NIH Cloud Lab for Google Cloud

There are a lot of resources available to learn about GCP, which can be overwhelming. NIH Cloud Lab’s goal is to make cloud easy so that you can spend less time on administrative tasks and focus on your research.

Use this repository to learn about how to use GCP by exploring the linked resources and walking through the tutorials. If you are a beginner, we suggest you begin with this Jumpstart section. If you already have foundational knowledge of GCP and cloud, feel free to skip over to our Tutorials repository for in-depth examples of how to run specific workflows such as genomic variant calling and medical image analysis.

Getting Started

You can learn a lot of what is possible on GCP in the GCP Getting Started Page. There you can find links to documentation for common GCP tools and resources, and short videos on various subjects called cloud minute. You can also view the following Google Cloud Essentials Playlist or Cloud Bytes Playlist from Google to help you get started.

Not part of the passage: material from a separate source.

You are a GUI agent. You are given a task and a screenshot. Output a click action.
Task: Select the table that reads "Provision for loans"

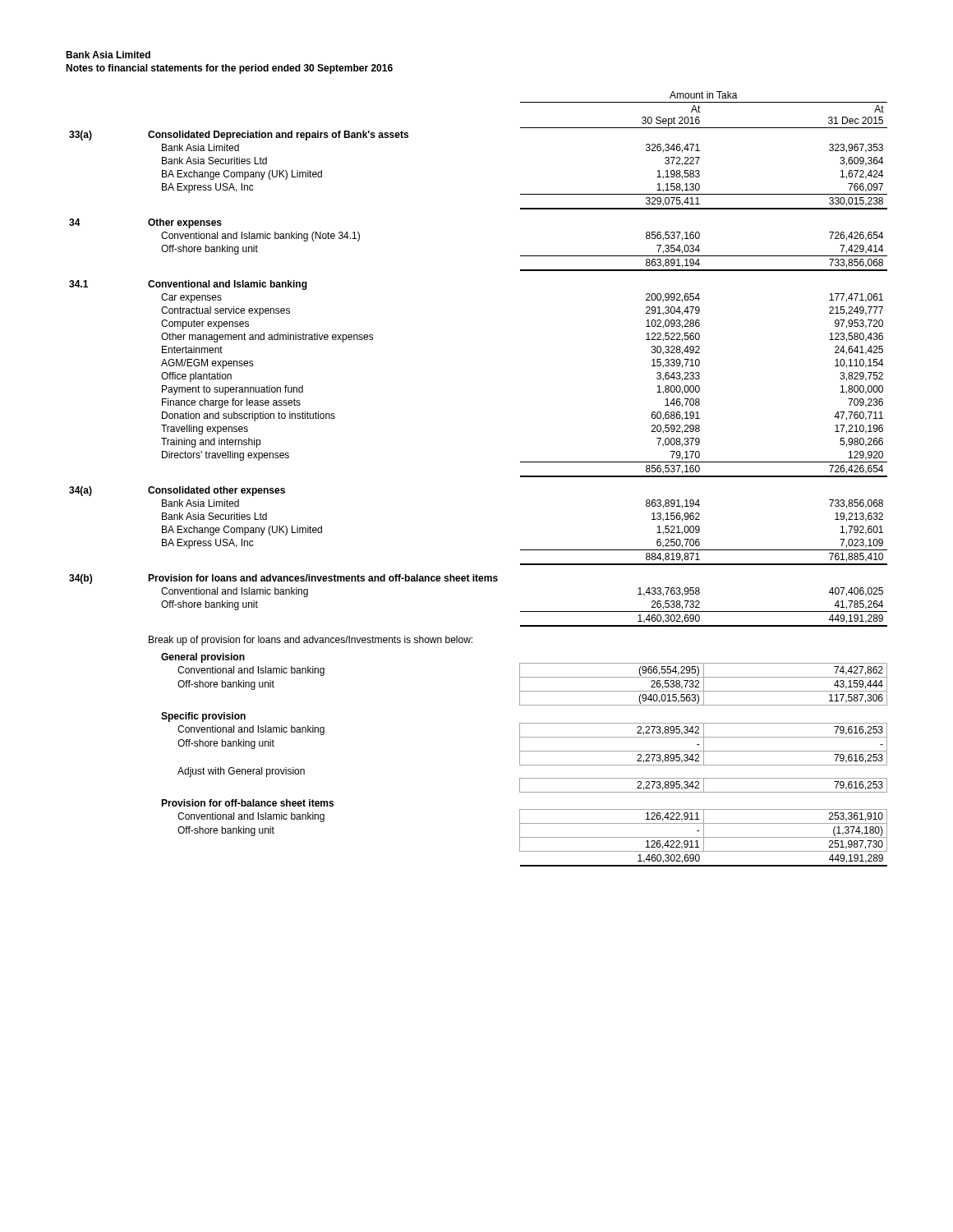pos(476,478)

Even with a wealth of resources it can be difficult to know where to start on learning how to use the cloud. To help you, we thought through some of the most common tasks you will encounter doing cloud-enabled research and gathered tutorials and guides specific to those topics. We hope the following materials are helpful as you explore migrating your research to the cloud. Please feel free to submit issues or send us an email at CloudLab@nih.gov with questions.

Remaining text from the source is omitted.